Шушуня подхватился, на ходу выпрямился, сдержал шаг — вышел с достоинством. Зяблик повторил вычитанное в исторических повестях старинное слово: «ступайте». Оно ему нравилось. Цари так говорили. И рукой при этом жест делали. Зяблик, оставшись один, попробовал этот жест — будто получается, улыбнулся своей прихоти. Ничто не наполняло его сердце такой глубокой всепроникающей радостью, как сознание власти над людьми. Ощущение силы и способности делать для людей добро или зло пьянило воображение, отдавалось во всём теле сладким гулом. Пронизывал этот гул с ног до головы.
Жизнь казалась сплошным праздником, и при одной только мысли, что судьба могла сложиться иначе, что мог бы он прозябать где-то рядовым человеком, при одной только этой мысли колючий холодок бежал по жилам, пронимал до пяток. Нет, что там ни говори, а жизнь замечательная штука, особенно если ты вполне руководишь собственной судьбой, можешь подвигать себя то вправо, то влево, а то вверх — в зависимости от обстоятельств. К жизни тогда интерес пробуждается, и каждое утро счастливой улыбкой встречаешь.
Медведем ввалился в кабинет Спартак Пап — толстый, коротконогий, с мясистым лицом и тремя подбородками. Четыре года назад Зяблик переманил толстяка от директора другого столичного института Вадима Бродова, бывшего некогда большим другом Зяблика, — у Бродова Пап состоял в той же роли, то есть числился младшим научным сотрудником, а выполнял сугубо личные, порой интимные поручения.
Тяжело дыша, Пап опустился в кресло, оглянулся на окно — не дует ли? — очень боялся простуды, потому что недавно, во время болезни гриппом, зашёл в ванну и упал там, потеряв сознание. Жил один в трёхкомнатной кооперативной квартире в доме-башне первой категории — таких недавно несколько построили в Безбожном переулке; изредка приходили женщины, но подолгу не задерживались: Пап был жаден и капризен. Зяблик тоже чувствовал себя неуютно в обществе этого странного человека; распоряжения отдавал коротко, встречался с ним редко.
— Как поживает твой бывший шеф? — спросил Зяблик, усаживаясь поудобнее в кресле, принимая вальяжную позу.
— Бродов — осёл!
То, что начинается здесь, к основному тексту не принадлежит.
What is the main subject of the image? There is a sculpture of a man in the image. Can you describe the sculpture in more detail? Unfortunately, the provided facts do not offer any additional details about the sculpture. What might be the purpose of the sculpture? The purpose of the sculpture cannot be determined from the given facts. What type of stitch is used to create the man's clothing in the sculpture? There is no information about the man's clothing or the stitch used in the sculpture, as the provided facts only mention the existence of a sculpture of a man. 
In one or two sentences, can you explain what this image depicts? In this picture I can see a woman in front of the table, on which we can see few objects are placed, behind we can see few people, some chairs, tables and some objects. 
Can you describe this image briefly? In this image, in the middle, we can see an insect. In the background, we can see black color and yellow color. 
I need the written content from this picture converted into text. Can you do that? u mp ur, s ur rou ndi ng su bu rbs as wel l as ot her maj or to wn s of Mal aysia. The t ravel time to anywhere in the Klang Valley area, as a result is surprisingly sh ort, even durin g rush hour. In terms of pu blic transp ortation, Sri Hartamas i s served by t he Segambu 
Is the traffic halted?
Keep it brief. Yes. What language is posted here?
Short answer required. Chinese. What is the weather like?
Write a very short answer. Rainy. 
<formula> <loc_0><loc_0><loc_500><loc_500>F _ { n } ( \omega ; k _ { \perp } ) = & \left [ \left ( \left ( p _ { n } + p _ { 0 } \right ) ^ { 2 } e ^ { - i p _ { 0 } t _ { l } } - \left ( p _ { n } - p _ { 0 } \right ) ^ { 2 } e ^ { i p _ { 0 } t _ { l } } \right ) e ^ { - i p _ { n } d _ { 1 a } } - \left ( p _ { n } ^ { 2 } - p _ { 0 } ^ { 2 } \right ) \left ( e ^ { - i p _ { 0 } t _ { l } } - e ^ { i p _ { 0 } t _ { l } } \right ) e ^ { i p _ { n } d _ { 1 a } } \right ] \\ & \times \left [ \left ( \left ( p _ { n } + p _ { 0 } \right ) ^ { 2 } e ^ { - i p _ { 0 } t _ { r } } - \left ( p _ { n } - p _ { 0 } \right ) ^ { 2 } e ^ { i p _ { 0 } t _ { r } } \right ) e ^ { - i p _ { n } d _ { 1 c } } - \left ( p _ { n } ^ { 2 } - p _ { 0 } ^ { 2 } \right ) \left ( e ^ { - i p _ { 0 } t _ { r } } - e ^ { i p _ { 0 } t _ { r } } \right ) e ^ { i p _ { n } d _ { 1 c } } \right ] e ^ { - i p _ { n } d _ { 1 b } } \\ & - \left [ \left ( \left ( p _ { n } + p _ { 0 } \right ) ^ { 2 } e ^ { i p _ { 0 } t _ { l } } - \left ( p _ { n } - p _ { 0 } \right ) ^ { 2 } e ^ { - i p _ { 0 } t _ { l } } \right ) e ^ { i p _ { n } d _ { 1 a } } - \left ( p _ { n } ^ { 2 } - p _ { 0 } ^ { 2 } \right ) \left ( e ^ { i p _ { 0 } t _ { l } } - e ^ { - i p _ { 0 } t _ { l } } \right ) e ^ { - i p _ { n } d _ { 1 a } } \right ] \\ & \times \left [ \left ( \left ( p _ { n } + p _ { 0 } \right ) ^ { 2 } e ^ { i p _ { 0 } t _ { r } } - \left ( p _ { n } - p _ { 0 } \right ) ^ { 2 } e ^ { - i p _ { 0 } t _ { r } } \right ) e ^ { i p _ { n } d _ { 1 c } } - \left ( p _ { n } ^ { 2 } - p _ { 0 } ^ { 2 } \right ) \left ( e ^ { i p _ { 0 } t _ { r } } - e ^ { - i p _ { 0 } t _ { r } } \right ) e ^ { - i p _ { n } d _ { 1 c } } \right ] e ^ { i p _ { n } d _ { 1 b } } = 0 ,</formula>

Он плохо кончит.
— Когда мы расстанемся с вами, вы и обо мне…
— Вы тоже не сахар, но ближе к делу. У меня время.
Пап был циник и бравировал демонстративной прямотой. Обыкновенно, начиная работать с новым шефом, — а менял он их частенько, — говорил: «Мне нужны деньги. Остальное всё — между прочим».
В слова «между прочим» вкладывал всё своё презрение к миру.
— Да, Бродов — осёл. Не умеет слушать умных людей. Так что у вас?
Пап трудно пережёвывал слова, облизывал толстые малиновые губы — они сохли, словно на горячем ветру, покрывались сухой корочкой. Дышал тяжело, на вислых землисто-серых щеках густо чернела плохо выбритая жёсткая борода. Черты лица плохо просматривались — весь оплыл жиром; из-за припухлых водянистых складок зло поблёскивали щёлочки молодых возбуждённых глаз. И тоном разговора, и каждым жестом демонстрировал независимость и пренебрежение к собеседнику. Сидя глубоко в кресле и вытянув короткие, почти слившиеся воедино ноги, поигрывал носками лакированных туфель, предпочитал смотреть мимо собеседника.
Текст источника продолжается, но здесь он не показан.